__Exercise aim__:
Extract all data as written.

Dataset entries:
· · · ·

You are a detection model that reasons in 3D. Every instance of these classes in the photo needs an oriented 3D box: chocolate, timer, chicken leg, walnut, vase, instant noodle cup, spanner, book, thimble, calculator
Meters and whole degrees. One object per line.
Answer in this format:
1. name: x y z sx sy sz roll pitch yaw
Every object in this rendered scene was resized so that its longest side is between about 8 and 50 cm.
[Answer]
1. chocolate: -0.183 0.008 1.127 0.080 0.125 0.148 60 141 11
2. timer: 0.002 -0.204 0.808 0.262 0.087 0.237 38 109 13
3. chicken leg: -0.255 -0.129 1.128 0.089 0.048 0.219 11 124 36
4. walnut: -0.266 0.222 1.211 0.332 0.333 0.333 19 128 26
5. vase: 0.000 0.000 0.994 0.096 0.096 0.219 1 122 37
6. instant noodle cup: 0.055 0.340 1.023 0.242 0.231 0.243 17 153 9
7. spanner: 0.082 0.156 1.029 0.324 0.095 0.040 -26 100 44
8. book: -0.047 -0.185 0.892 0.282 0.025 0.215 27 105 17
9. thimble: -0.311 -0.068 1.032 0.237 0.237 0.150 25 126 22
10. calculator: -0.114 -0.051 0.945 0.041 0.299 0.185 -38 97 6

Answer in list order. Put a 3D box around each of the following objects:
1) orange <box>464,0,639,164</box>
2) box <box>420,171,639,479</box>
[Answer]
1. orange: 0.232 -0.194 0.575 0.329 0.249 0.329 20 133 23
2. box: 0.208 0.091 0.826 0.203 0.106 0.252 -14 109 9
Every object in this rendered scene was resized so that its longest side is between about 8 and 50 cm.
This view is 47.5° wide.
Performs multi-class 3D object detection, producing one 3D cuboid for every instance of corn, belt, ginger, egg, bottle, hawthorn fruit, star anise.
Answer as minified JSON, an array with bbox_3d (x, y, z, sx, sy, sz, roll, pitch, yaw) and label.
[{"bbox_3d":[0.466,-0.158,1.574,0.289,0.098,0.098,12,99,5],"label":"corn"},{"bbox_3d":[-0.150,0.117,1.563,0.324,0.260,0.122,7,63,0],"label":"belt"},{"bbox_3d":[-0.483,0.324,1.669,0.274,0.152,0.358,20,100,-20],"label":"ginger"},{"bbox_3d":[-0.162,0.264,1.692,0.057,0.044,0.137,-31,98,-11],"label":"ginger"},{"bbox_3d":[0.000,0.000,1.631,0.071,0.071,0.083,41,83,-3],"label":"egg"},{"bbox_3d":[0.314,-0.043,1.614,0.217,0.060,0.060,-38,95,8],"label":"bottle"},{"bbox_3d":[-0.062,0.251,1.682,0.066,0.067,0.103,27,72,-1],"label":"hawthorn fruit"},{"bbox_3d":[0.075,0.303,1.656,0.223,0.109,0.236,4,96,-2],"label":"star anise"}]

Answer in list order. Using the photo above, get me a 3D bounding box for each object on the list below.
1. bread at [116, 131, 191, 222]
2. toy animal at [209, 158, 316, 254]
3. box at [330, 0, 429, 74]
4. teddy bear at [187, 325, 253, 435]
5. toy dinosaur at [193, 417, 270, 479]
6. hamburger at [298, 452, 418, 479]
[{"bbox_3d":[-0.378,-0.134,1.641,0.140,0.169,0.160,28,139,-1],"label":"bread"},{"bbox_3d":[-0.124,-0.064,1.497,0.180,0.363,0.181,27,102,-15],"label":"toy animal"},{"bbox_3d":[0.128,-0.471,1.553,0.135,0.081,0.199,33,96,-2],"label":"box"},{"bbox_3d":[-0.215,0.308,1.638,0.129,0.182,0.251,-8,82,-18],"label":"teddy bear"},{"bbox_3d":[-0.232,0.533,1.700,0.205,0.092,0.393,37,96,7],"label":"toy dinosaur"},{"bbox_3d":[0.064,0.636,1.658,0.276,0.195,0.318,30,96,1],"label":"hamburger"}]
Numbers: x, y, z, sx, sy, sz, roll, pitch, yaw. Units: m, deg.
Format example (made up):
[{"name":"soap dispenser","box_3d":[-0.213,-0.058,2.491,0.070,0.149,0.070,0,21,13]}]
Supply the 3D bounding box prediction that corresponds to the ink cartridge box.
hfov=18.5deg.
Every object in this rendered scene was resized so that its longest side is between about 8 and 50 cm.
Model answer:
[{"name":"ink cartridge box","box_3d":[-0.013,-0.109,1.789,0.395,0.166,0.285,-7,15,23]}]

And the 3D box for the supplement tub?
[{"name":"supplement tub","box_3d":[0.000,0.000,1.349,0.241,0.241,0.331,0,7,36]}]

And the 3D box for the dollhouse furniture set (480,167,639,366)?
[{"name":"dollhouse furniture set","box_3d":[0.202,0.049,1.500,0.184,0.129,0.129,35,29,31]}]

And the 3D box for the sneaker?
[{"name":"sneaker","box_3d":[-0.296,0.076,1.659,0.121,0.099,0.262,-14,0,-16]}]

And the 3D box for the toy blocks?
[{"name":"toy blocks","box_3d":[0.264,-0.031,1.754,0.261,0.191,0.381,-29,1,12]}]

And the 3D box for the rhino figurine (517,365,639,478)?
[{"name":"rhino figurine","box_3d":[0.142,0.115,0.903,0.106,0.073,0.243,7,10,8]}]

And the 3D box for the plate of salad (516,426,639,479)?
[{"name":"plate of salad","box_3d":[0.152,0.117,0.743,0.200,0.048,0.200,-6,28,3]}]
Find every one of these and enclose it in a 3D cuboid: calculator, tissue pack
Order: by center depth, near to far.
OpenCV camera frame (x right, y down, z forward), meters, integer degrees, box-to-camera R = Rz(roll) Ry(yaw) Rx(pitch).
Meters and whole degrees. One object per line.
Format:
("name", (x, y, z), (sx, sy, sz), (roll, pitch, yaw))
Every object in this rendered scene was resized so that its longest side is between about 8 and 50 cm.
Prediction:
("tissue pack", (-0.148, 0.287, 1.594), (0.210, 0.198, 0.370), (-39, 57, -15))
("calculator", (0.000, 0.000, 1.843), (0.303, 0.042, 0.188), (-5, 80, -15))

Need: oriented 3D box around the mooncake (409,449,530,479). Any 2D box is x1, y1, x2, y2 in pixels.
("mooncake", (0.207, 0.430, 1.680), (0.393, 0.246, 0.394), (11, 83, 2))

· · · ·

__Response for this exercise__:
You are a detection model that reasons in 3D. Every instance of these classes in the photo needs an oriented 3D box: chocolate, timer, chicken leg, walnut, vase, instant noodle cup, spanner, book, thimble, calculator
Meters and whole degrees. One object per line.
Answer in this format:
1. name: x y z sx sy sz roll pitch yaw
Every object in this rendered scene was resized so that its longest side is between about 8 and 50 cm.
[Answer]
1. chocolate: -0.183 0.008 1.127 0.080 0.125 0.148 60 141 11
2. timer: 0.002 -0.204 0.808 0.262 0.087 0.237 38 109 13
3. chicken leg: -0.255 -0.129 1.128 0.089 0.048 0.219 11 124 36
4. walnut: -0.266 0.222 1.211 0.332 0.333 0.333 19 128 26
5. vase: 0.000 0.000 0.994 0.096 0.096 0.219 1 122 37
6. instant noodle cup: 0.055 0.340 1.023 0.242 0.231 0.243 17 153 9
7. spanner: 0.082 0.156 1.029 0.324 0.095 0.040 -26 100 44
8. book: -0.047 -0.185 0.892 0.282 0.025 0.215 27 105 17
9. thimble: -0.311 -0.068 1.032 0.237 0.237 0.150 25 126 22
10. calculator: -0.114 -0.051 0.945 0.041 0.299 0.185 -38 97 6

Answer in list order. Put a 3D box around each of the following objects:
1) orange <box>464,0,639,164</box>
2) box <box>420,171,639,479</box>
[Answer]
1. orange: 0.232 -0.194 0.575 0.329 0.249 0.329 20 133 23
2. box: 0.208 0.091 0.826 0.203 0.106 0.252 -14 109 9
Every object in this rendered scene was resized so that its longest side is between about 8 and 50 cm.
This view is 47.5° wide.
Performs multi-class 3D object detection, producing one 3D cuboid for every instance of corn, belt, ginger, egg, bottle, hawthorn fruit, star anise.
Answer as minified JSON, an array with bbox_3d (x, y, z, sx, sy, sz, roll, pitch, yaw) and label.
[{"bbox_3d":[0.466,-0.158,1.574,0.289,0.098,0.098,12,99,5],"label":"corn"},{"bbox_3d":[-0.150,0.117,1.563,0.324,0.260,0.122,7,63,0],"label":"belt"},{"bbox_3d":[-0.483,0.324,1.669,0.274,0.152,0.358,20,100,-20],"label":"ginger"},{"bbox_3d":[-0.162,0.264,1.692,0.057,0.044,0.137,-31,98,-11],"label":"ginger"},{"bbox_3d":[0.000,0.000,1.631,0.071,0.071,0.083,41,83,-3],"label":"egg"},{"bbox_3d":[0.314,-0.043,1.614,0.217,0.060,0.060,-38,95,8],"label":"bottle"},{"bbox_3d":[-0.062,0.251,1.682,0.066,0.067,0.103,27,72,-1],"label":"hawthorn fruit"},{"bbox_3d":[0.075,0.303,1.656,0.223,0.109,0.236,4,96,-2],"label":"star anise"}]

Answer in list order. Using the photo above, get me a 3D bounding box for each object on the list below.
1. bread at [116, 131, 191, 222]
2. toy animal at [209, 158, 316, 254]
3. box at [330, 0, 429, 74]
4. teddy bear at [187, 325, 253, 435]
5. toy dinosaur at [193, 417, 270, 479]
6. hamburger at [298, 452, 418, 479]
[{"bbox_3d":[-0.378,-0.134,1.641,0.140,0.169,0.160,28,139,-1],"label":"bread"},{"bbox_3d":[-0.124,-0.064,1.497,0.180,0.363,0.181,27,102,-15],"label":"toy animal"},{"bbox_3d":[0.128,-0.471,1.553,0.135,0.081,0.199,33,96,-2],"label":"box"},{"bbox_3d":[-0.215,0.308,1.638,0.129,0.182,0.251,-8,82,-18],"label":"teddy bear"},{"bbox_3d":[-0.232,0.533,1.700,0.205,0.092,0.393,37,96,7],"label":"toy dinosaur"},{"bbox_3d":[0.064,0.636,1.658,0.276,0.195,0.318,30,96,1],"label":"hamburger"}]
Numbers: x, y, z, sx, sy, sz, roll, pitch, yaw. Units: m, deg.
Format example (made up):
[{"name":"soap dispenser","box_3d":[-0.213,-0.058,2.491,0.070,0.149,0.070,0,21,13]}]
Supply the 3D bounding box prediction that corresponds to the ink cartridge box.
hfov=18.5deg.
Every object in this rendered scene was resized so that its longest side is between about 8 and 50 cm.
Model answer:
[{"name":"ink cartridge box","box_3d":[-0.013,-0.109,1.789,0.395,0.166,0.285,-7,15,23]}]

And the 3D box for the supplement tub?
[{"name":"supplement tub","box_3d":[0.000,0.000,1.349,0.241,0.241,0.331,0,7,36]}]

And the 3D box for the dollhouse furniture set (480,167,639,366)?
[{"name":"dollhouse furniture set","box_3d":[0.202,0.049,1.500,0.184,0.129,0.129,35,29,31]}]

And the 3D box for the sneaker?
[{"name":"sneaker","box_3d":[-0.296,0.076,1.659,0.121,0.099,0.262,-14,0,-16]}]

And the 3D box for the toy blocks?
[{"name":"toy blocks","box_3d":[0.264,-0.031,1.754,0.261,0.191,0.381,-29,1,12]}]

And the 3D box for the rhino figurine (517,365,639,478)?
[{"name":"rhino figurine","box_3d":[0.142,0.115,0.903,0.106,0.073,0.243,7,10,8]}]

And the 3D box for the plate of salad (516,426,639,479)?
[{"name":"plate of salad","box_3d":[0.152,0.117,0.743,0.200,0.048,0.200,-6,28,3]}]
Find every one of these and enclose it in a 3D cuboid: calculator, tissue pack
Order: by center depth, near to far.
OpenCV camera frame (x right, y down, z forward), meters, integer degrees, box-to-camera R = Rz(roll) Ry(yaw) Rx(pitch).
Meters and whole degrees. One object per line.
Format:
("name", (x, y, z), (sx, sy, sz), (roll, pitch, yaw))
Every object in this rendered scene was resized so that its longest side is between about 8 and 50 cm.
Prediction:
("tissue pack", (-0.148, 0.287, 1.594), (0.210, 0.198, 0.370), (-39, 57, -15))
("calculator", (0.000, 0.000, 1.843), (0.303, 0.042, 0.188), (-5, 80, -15))

Need: oriented 3D box around the mooncake (409,449,530,479). Any 2D box is x1, y1, x2, y2 in pixels.
("mooncake", (0.207, 0.430, 1.680), (0.393, 0.246, 0.394), (11, 83, 2))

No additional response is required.